Mice lacking the a-Dystrobrevin or Dystrophin proteins of the DGC exhibit dystrophic characteristics in skeletal muscle

Abstract

Muscular dystrophies are a group of genetic disorders that primarily affect skeletal muscle and are characterized by progressive muscle wasting and a shortened life span. Within skeletal muscle, the dystrophin-glycoprotein complex (DGC) links the extracellular matrix and the muscle cell cytoskeleton. Major forms of muscular dystrophy have been linked to abnormalities of the DGC proteins. Due to this, mice with mutations affecting the DGC are significant models for studying muscular dystrophy and its pathology. In this study we examined MDX mice, which do not express the Dystrophin protein, a-Dystrobrevin knockout mice (a-dbn- /-), which do not express the a-Dystrobrevin scaffolding protein, a-Syntrophin knockout mice (a-syn-/-), which do not express the a-Syntrophin signaling protein, and double knockout (DKO) (a-dbn-/- , a-syn-/-) mice.
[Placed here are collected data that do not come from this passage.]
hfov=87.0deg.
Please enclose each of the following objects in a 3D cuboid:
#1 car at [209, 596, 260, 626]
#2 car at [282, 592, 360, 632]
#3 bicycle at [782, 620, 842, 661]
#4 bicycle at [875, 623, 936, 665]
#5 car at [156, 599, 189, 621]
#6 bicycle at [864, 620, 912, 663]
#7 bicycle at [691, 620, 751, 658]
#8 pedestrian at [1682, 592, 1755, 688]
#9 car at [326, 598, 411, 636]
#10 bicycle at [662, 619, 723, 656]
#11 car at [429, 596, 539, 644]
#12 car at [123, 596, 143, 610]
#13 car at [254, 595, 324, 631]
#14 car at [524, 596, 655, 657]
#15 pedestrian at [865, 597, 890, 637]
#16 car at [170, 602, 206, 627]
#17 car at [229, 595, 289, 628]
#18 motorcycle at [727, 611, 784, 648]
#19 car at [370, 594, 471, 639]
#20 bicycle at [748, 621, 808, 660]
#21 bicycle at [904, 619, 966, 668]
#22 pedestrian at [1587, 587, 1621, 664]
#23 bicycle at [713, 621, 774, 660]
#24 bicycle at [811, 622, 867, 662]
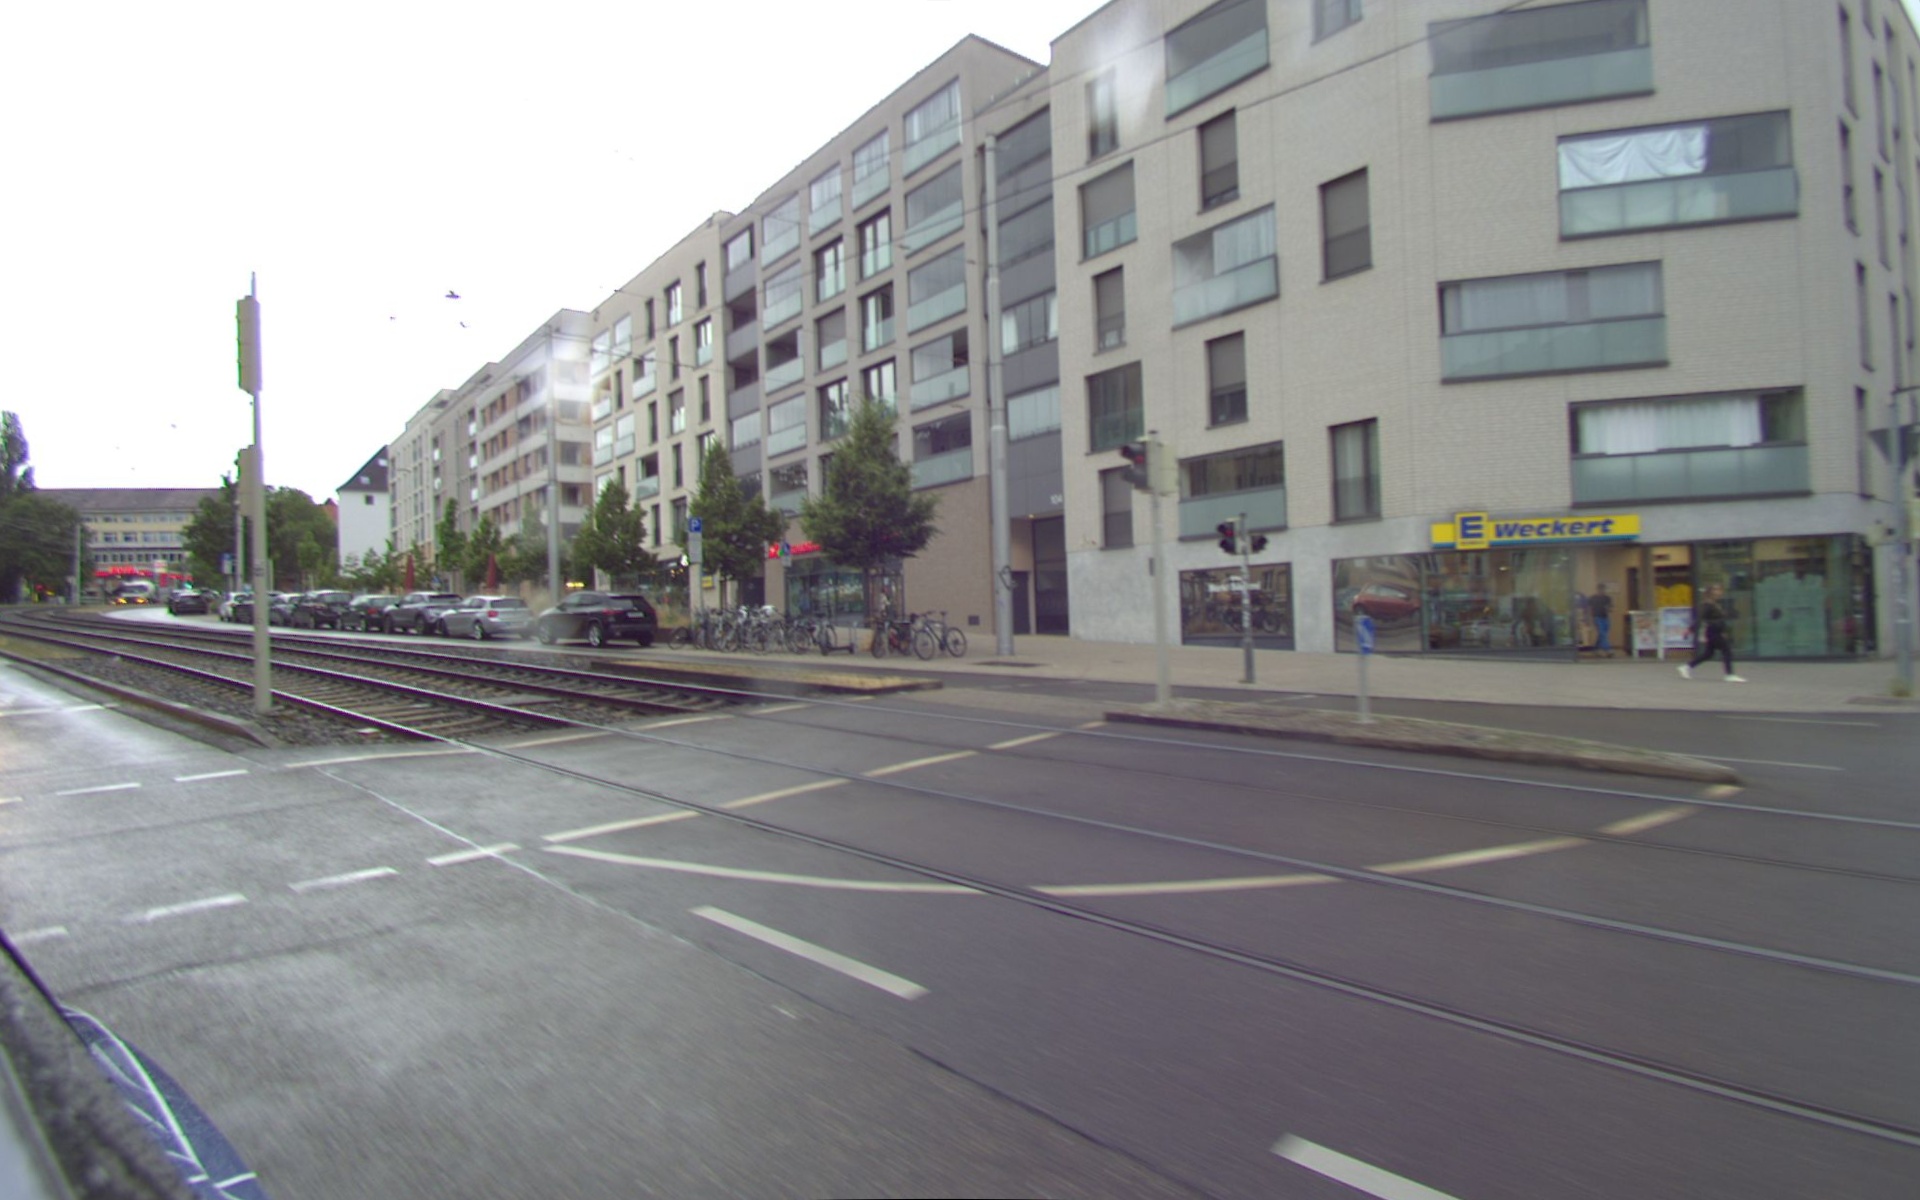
[{"bbox_3d":[-38.573,0.552,53.777,1.627,1.516,3.784,-2,2,-44],"label":"car"},{"bbox_3d":[-27.433,0.482,43.413,3.925,1.575,1.663,0,2,40],"label":"car"},{"bbox_3d":[-3.749,1.017,25.794,0.386,0.924,1.768,0,2,36],"label":"bicycle"},{"bbox_3d":[-1.298,1.041,24.349,0.387,0.883,1.766,0,2,38],"label":"bicycle"},{"bbox_3d":[-57.294,0.693,73.636,1.630,1.475,3.676,-4,3,-41],"label":"car"},{"bbox_3d":[-1.759,1.009,25.021,0.385,0.924,1.775,-1,2,23],"label":"bicycle"},{"bbox_3d":[-6.445,1.044,27.388,0.386,0.924,1.767,0,1,36],"label":"bicycle"},{"bbox_3d":[12.834,0.669,17.153,0.769,1.581,0.646,-1,0,13],"label":"pedestrian"},{"bbox_3d":[-23.535,0.633,40.231,4.030,1.391,1.663,0,2,40],"label":"car"},{"bbox_3d":[-7.339,1.009,27.809,0.386,0.924,1.767,0,1,36],"label":"bicycle"},{"bbox_3d":[-16.027,0.629,34.012,4.326,1.475,1.663,0,2,40],"label":"car"},{"bbox_3d":[-104.826,0.337,128.307,1.641,1.618,3.818,-3,3,-34],"label":"car"},{"bbox_3d":[-31.214,0.571,47.026,3.925,1.516,1.663,0,2,40],"label":"car"},{"bbox_3d":[-10.920,0.721,29.718,4.326,1.615,1.663,0,2,40],"label":"car"},{"bbox_3d":[-3.117,0.639,38.142,0.532,1.460,0.805,-3,3,-37],"label":"pedestrian"},{"bbox_3d":[-51.454,0.946,67.443,1.630,1.475,3.676,-4,3,-41],"label":"car"},{"bbox_3d":[-34.816,0.539,50.207,1.661,1.516,4.408,-2,2,-45],"label":"car"},{"bbox_3d":[-6.178,0.884,30.654,0.542,1.050,1.742,2,1,37],"label":"motorcycle"},{"bbox_3d":[-19.946,0.565,37.352,4.041,1.541,1.665,0,2,36],"label":"car"},{"bbox_3d":[-4.697,1.028,26.238,0.386,0.924,1.767,0,1,36],"label":"bicycle"},{"bbox_3d":[-0.553,0.983,23.316,0.440,0.987,1.768,0,2,36],"label":"bicycle"},{"bbox_3d":[14.723,0.569,23.158,0.582,1.723,0.699,0,2,27],"label":"pedestrian"},{"bbox_3d":[-5.650,1.037,26.504,0.386,0.924,1.767,0,1,36],"label":"bicycle"},{"bbox_3d":[-3.024,1.033,25.401,0.386,0.924,1.770,0,0,32],"label":"bicycle"}]

We performed histological analyses of their skeletal muscle in search of dystrophic characteristics and inspected the morphology of their neuromuscular junctions (NMJs) to look for denervation. We found that the expression of the Dystrophin and a- Dystrobrevin proteins of the DGC are both significant determinants of skeletal muscle integrity and innervation. The expression of a-Syntrophin proved to be insignificant in determining the health of skeletal muscle. This study expanded our understanding of the DGC in both healthy and diseased muscle as well as how mutations of the DGC proteins influence the health of muscle fibers and contribute to characteristics of muscular dystrophy.